Let's fix your
enterprise GTM

GTM HQ helps Series A through C AI and B2B software companies globally build a predictable pipeline of Fortune 500 and enterprise opportunities through motion clarity, buyer mapping, and senior-led account intelligence.

You don't have a predictable pipeline of enterprise opportunities.

You have a list of names and a lot of effort.

You've hired SDRs. You've bought Outreach and Apollo. You've run ABM campaigns. You've sponsored conferences. You've worked through your investors' warm introductions. You've followed the CRO playbook from your last B2B SaaS company.

The pipeline still doesn't compound.

The forecast is theater. The pipeline is a list of hopes attached to names. The board meeting is a recitation of activity, not a read on the business.

You don't have a GTM problem. You have a motion problem you haven't named yet.

Most companies cannot tell you their NER or their ERR.

Enterprise GTM is measured in the wrong unit. ARR growth and NRR are SaaS-era metrics. They conflate two motions that operate by completely different mechanics,  winning new logos and expanding existing accounts.

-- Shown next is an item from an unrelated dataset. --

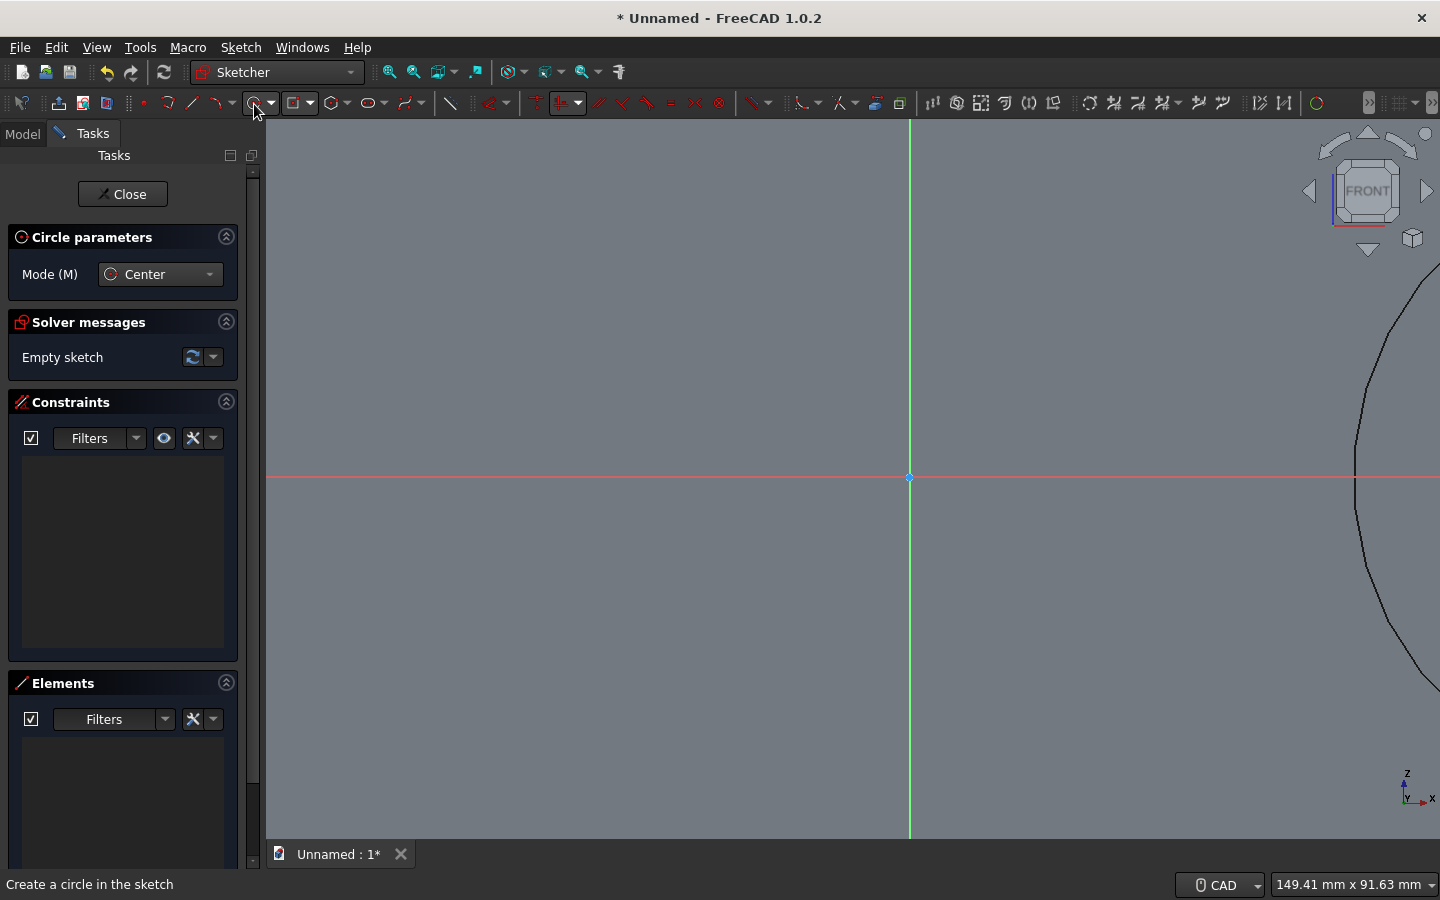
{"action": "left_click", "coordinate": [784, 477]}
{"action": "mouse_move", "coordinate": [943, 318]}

At GTM HQ, we measure enterprise GTM against three metrics. Together they tell you whether your enterprise motion is compounding, stable, or structurally broken.

NER — New Enterprise Revenue

The sum of first-year contracted ACV from enterprise logos closed in the period. Enterprise here means ACV of at least $25,000 and account revenue of at least $500M.

ERR — Enterprise Revenue Retention

Standard NRR formula applied to the enterprise cohort only. Above 130% means the cohort is compounding. 100–130% is stable. Below 100% is structural failure.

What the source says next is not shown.